• [WHAT THE TASK ASKS]:
Write each line exactly, from the line that holds "text PROGRAMS), EVEN" through the final line of the material, and no other line.

• [DATA LISTING]:
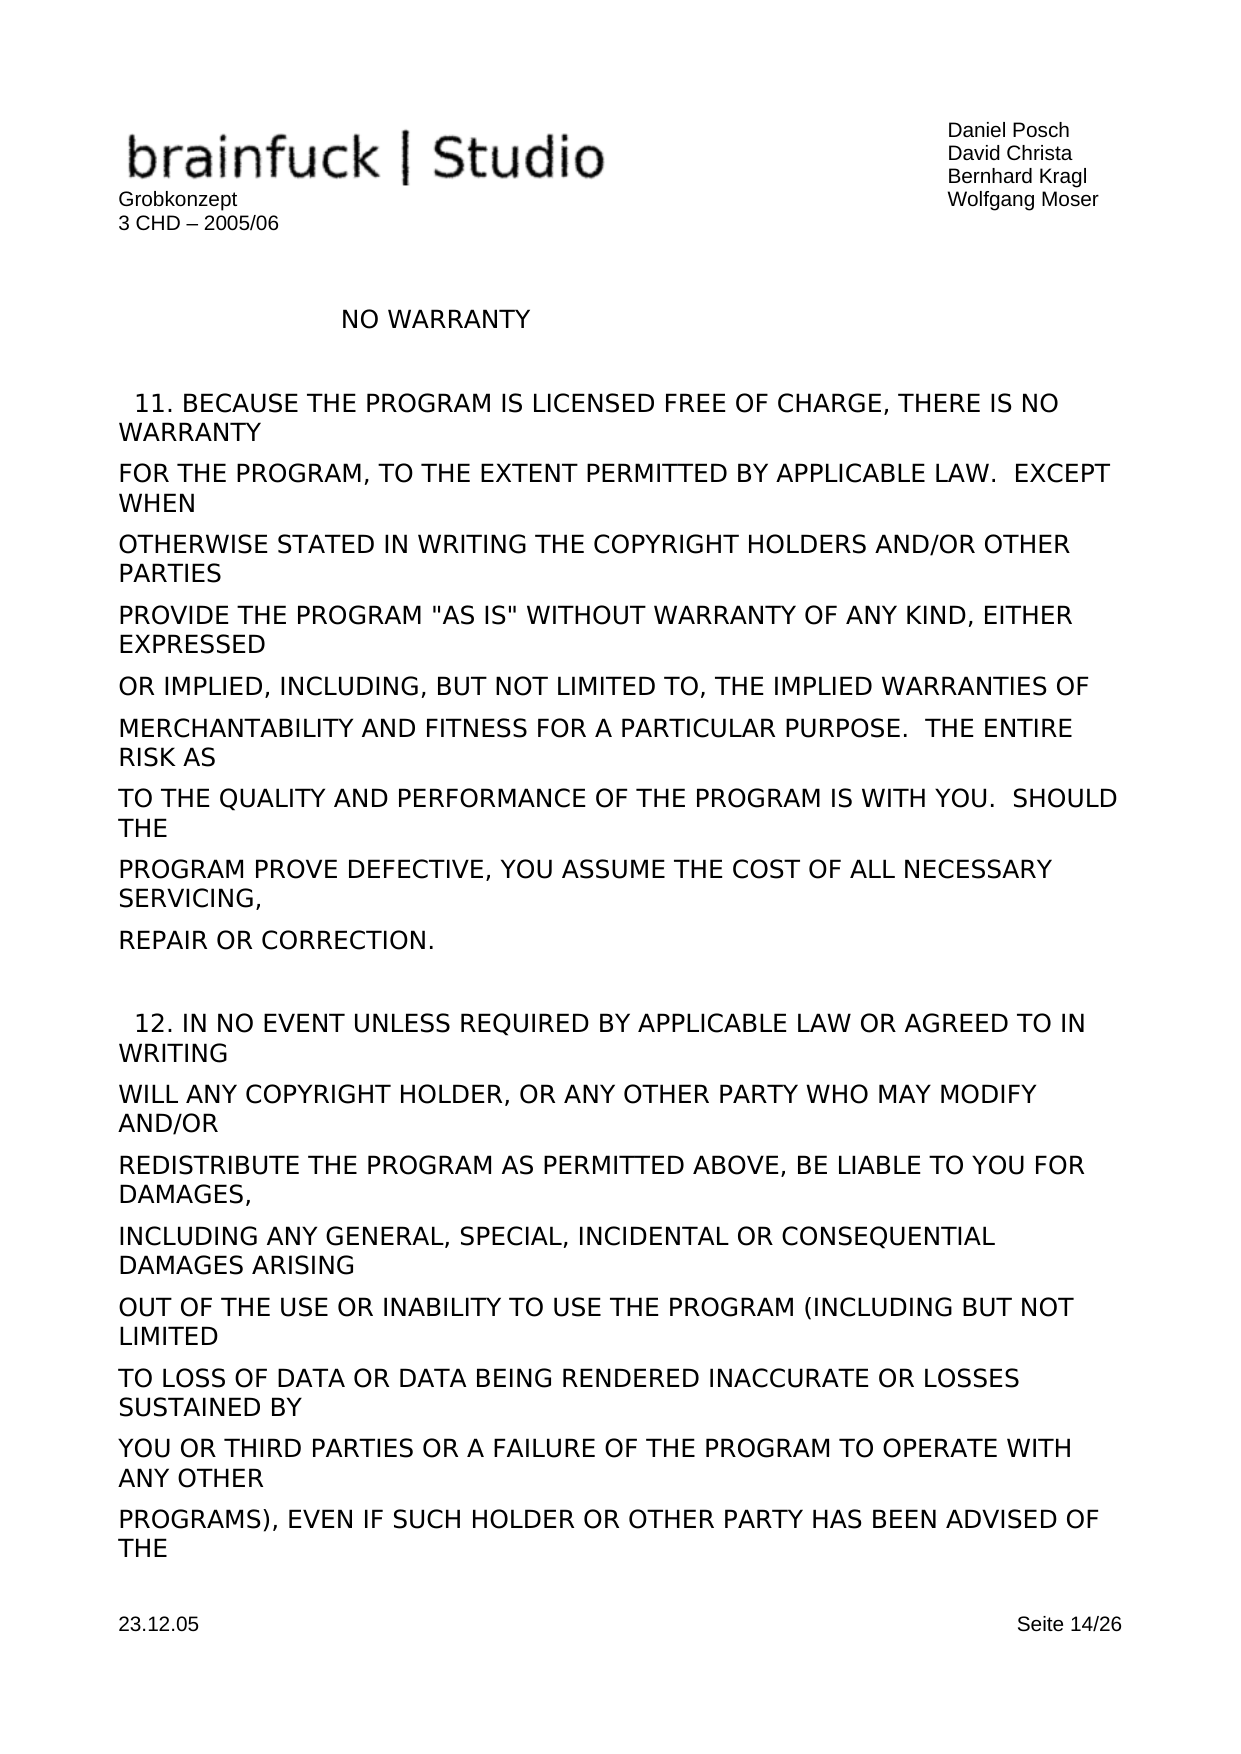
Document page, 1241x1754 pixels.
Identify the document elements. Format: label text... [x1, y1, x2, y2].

text OTHERWISE STATED IN WRITING THE COPYRIGHT HOLDERS AND/OR OTHER PARTIES [118, 530, 1122, 589]
text 12. IN NO EVENT UNLESS REQUIRED BY APPLICABLE LAW OR AGREED TO IN WRITING [118, 1009, 1122, 1068]
text 11. BECAUSE THE PROGRAM IS LICENSED FREE OF CHARGE, THERE IS NO WARRANTY [118, 389, 1122, 447]
text FOR THE PROGRAM, TO THE EXTENT PERMITTED BY APPLICABLE LAW. EXCEPT WHEN [118, 459, 1122, 518]
text TO THE QUALITY AND PERFORMANCE OF THE PROGRAM IS WITH YOU. SHOULD THE [118, 784, 1122, 843]
text OR IMPLIED, INCLUDING, BUT NOT LIMITED TO, THE IMPLIED WARRANTIES OF [118, 672, 1122, 701]
text TO LOSS OF DATA OR DATA BEING RENDERED INACCURATE OR LOSSES SUSTAINED BY [118, 1364, 1122, 1422]
text NO WARRANTY [118, 305, 1122, 334]
text PROVIDE THE PROGRAM "AS IS" WITHOUT WARRANTY OF ANY KIND, EITHER EXPRESSED [118, 601, 1122, 659]
text YOU OR THIRD PARTIES OR A FAILURE OF THE PROGRAM TO OPERATE WITH ANY OTHER [118, 1434, 1122, 1493]
text MERCHANTABILITY AND FITNESS FOR A PARTICULAR PURPOSE. THE ENTIRE RISK AS [118, 714, 1122, 772]
text OUT OF THE USE OR INABILITY TO USE THE PROGRAM (INCLUDING BUT NOT LIMITED [118, 1293, 1122, 1351]
text WILL ANY COPYRIGHT HOLDER, OR ANY OTHER PARTY WHO MAY MODIFY AND/OR [118, 1080, 1122, 1139]
text PROGRAMS), EVEN IF SUCH HOLDER OR OTHER PARTY HAS BEEN ADVISED OF THE [118, 1505, 1122, 1564]
text PROGRAM PROVE DEFECTIVE, YOU ASSUME THE COST OF ALL NECESSARY SERVICING, [118, 855, 1122, 914]
text REPAIR OR CORRECTION. [118, 926, 1122, 955]
text REDISTRIBUTE THE PROGRAM AS PERMITTED ABOVE, BE LIABLE TO YOU FOR DAMAGES, [118, 1151, 1122, 1209]
picture [118, 118, 609, 187]
text INCLUDING ANY GENERAL, SPECIAL, INCIDENTAL OR CONSEQUENTIAL DAMAGES ARISING [118, 1222, 1122, 1280]

• [SOLUTION]:
text PROGRAMS), EVEN IF SUCH HOLDER OR OTHER PARTY HAS BEEN ADVISED OF THE [118, 1505, 1122, 1564]
text PROGRAM PROVE DEFECTIVE, YOU ASSUME THE COST OF ALL NECESSARY SERVICING, [118, 855, 1122, 914]
text REPAIR OR CORRECTION. [118, 926, 1122, 955]
text REDISTRIBUTE THE PROGRAM AS PERMITTED ABOVE, BE LIABLE TO YOU FOR DAMAGES, [118, 1151, 1122, 1209]
picture [118, 118, 609, 187]
text INCLUDING ANY GENERAL, SPECIAL, INCIDENTAL OR CONSEQUENTIAL DAMAGES ARISING [118, 1222, 1122, 1280]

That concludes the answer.